I had only a couple of clear nights to try it first with a Wratten #29 (deep red to IR pass) and only one night with a cheap Antlia brand 685nm IR pass filter.
Firstly, the good news is that the ASI462 appears to be sensitive enough to do IR-only guiding with a 55mm Borg objective (250mm focal length, Fluorite elements). Plenty of usable stars with 30 to 40 dB of gain.
The stars' FWHM "feels" a bit more bloated (could not focus to below 3), but that could be caused by seeing during my limited testing. The Borg 55FL is most likely to also be optimized just for the visual spectrum, rather than for the IR region.
But the stars appear quite round. So the bloating is likely caused by different parts of the spectrum having a different focal plane.

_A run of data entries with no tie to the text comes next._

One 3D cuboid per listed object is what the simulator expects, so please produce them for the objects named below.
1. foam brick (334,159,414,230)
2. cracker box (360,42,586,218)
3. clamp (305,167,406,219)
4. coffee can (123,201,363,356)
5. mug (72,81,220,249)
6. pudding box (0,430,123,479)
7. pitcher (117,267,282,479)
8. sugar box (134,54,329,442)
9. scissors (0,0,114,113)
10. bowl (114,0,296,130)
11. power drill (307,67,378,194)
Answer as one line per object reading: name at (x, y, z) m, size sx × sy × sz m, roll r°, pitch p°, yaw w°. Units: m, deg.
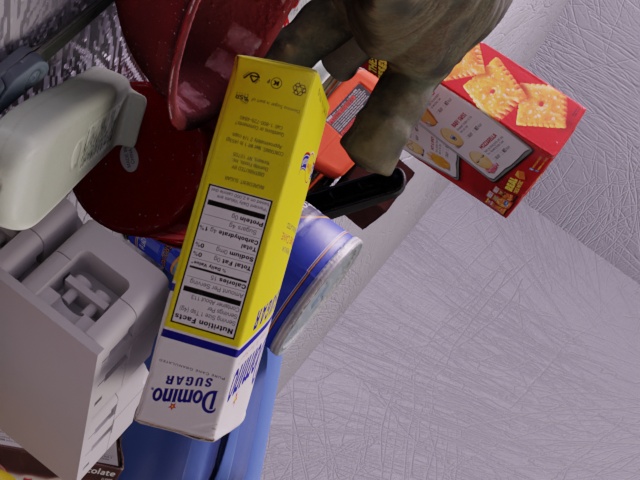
foam brick at (0.048, -0.053, 1.043) m, size 0.053 × 0.051 × 0.078 m, roll -52°, pitch -176°, yaw -19°
cracker box at (0.132, -0.131, 1.044) m, size 0.072 × 0.214 × 0.164 m, roll -53°, pitch 173°, yaw -18°
clamp at (-0.034, -0.020, 0.918) m, size 0.210 × 0.164 × 0.036 m, roll 128°, pitch -36°, yaw -53°
coffee can at (-0.055, 0.001, 0.770) m, size 0.102 × 0.140 × 0.103 m, roll -52°, pitch 172°, yaw -10°
mug at (-0.077, -0.050, 0.585) m, size 0.117 × 0.093 × 0.081 m, roll -41°, pitch 170°, yaw 10°
pudding box at (-0.203, 0.162, 0.729) m, size 0.090 × 0.113 × 0.039 m, roll -58°, pitch -149°, yaw 32°
pitcher at (-0.090, 0.113, 0.847) m, size 0.145 × 0.149 × 0.242 m, roll 57°, pitch 42°, yaw -59°
sugar box at (-0.039, 0.005, 0.524) m, size 0.093 × 0.048 × 0.176 m, roll 29°, pitch 74°, yaw -84°
scissors at (-0.140, -0.057, 0.463) m, size 0.096 × 0.016 × 0.201 m, roll -51°, pitch -179°, yaw 38°
bowl at (-0.047, -0.133, 0.487) m, size 0.162 × 0.055 × 0.162 m, roll -60°, pitch 175°, yaw -10°
power drill at (-0.006, -0.071, 0.995) m, size 0.184 × 0.057 × 0.188 m, roll -51°, pitch -176°, yaw -19°
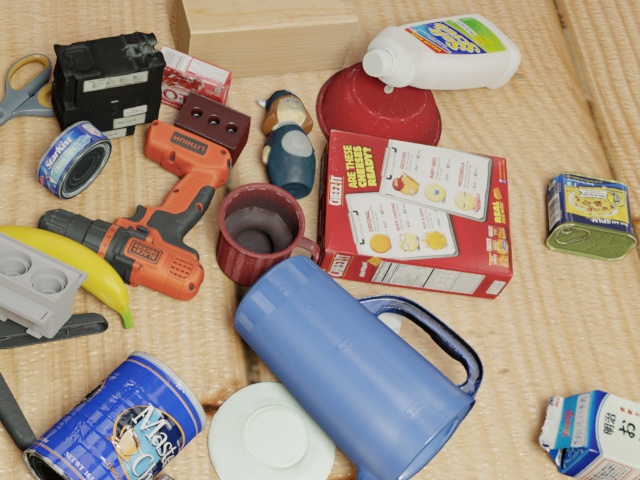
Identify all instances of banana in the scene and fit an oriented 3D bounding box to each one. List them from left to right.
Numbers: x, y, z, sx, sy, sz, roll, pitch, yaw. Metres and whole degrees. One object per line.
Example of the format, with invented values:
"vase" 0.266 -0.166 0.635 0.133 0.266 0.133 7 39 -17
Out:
"banana" -0.275 0.025 1.097 0.198 0.070 0.037 27 23 4

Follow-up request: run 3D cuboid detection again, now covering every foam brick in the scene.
"foam brick" -0.126 -0.124 1.230 0.078 0.051 0.053 23 58 1

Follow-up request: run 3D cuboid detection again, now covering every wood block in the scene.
"wood block" -0.071 -0.264 1.303 0.205 0.091 0.090 -8 62 -17

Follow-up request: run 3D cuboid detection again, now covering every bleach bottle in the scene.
"bleach bottle" 0.139 -0.219 1.284 0.103 0.068 0.250 48 37 17

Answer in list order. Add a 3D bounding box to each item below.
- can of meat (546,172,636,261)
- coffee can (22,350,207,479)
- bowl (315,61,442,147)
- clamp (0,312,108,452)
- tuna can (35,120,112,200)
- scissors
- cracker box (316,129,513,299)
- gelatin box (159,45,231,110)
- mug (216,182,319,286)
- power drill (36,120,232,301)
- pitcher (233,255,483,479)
"can of meat" 0.321 -0.030 1.278 0.102 0.057 0.084 10 56 -8
"coffee can" -0.191 0.187 1.002 0.103 0.103 0.140 40 60 11
"bowl" 0.078 -0.167 1.302 0.162 0.055 0.162 6 58 -10
"clamp" -0.332 0.114 1.048 0.210 0.036 0.164 17 50 -3
"tuna can" -0.266 -0.086 1.155 0.034 0.086 0.086 39 59 8
"scissors" -0.340 -0.135 1.197 0.096 0.016 0.201 23 52 -4
"cracker box" 0.106 -0.028 1.217 0.213 0.072 0.164 8 58 -8
"gelatin box" -0.151 -0.180 1.245 0.089 0.073 0.030 21 59 -1
"mug" -0.058 0.001 1.155 0.117 0.082 0.093 18 58 -3
"power drill" -0.190 -0.039 1.164 0.184 0.057 0.187 23 60 -2
"pitcher" 0.036 0.123 1.080 0.243 0.145 0.149 44 28 17
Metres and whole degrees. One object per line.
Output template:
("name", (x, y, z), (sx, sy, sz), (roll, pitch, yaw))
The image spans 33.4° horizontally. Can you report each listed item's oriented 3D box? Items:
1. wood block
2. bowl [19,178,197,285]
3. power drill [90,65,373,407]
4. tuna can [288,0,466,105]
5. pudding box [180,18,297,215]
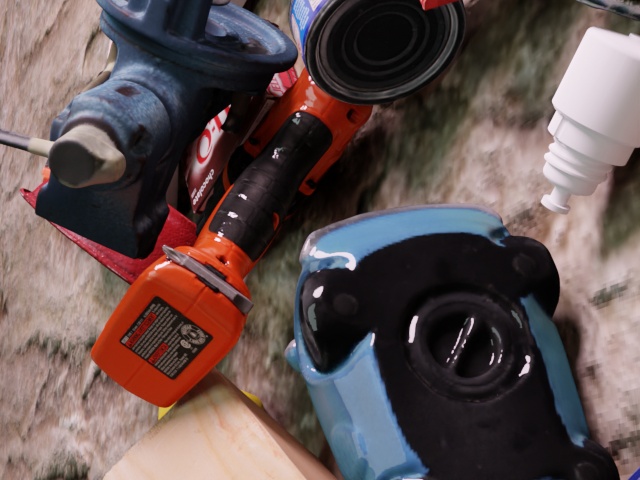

However, the autoguiding accuracy did not appear to feel significantly more stable than in the past when I was not using an IR pass filter for the 0.5 second exposures that my RainbowAstro RST-135 mount requires (at two regions of the 430 second period of the error curve of the Harmonic Drive gears, the first derivative of the curve is too large for even a 1 second lag time to keep up).
Again, that is with my very limited testing. Up in the Pacific Northwest I don't have enough clear nights in the Fall/Winter season to "waste" on autoguiding tests (swapping the filter in and out in the same night). I may need to dedicate a couple of nights, perhaps mounting the ASI462 on the main OTA (like my WhiteCat51 which has the ZWO EAF so I can at least focus from indoors). And perhaps mounting the IR Pass filter in a filter tray for fast swapping.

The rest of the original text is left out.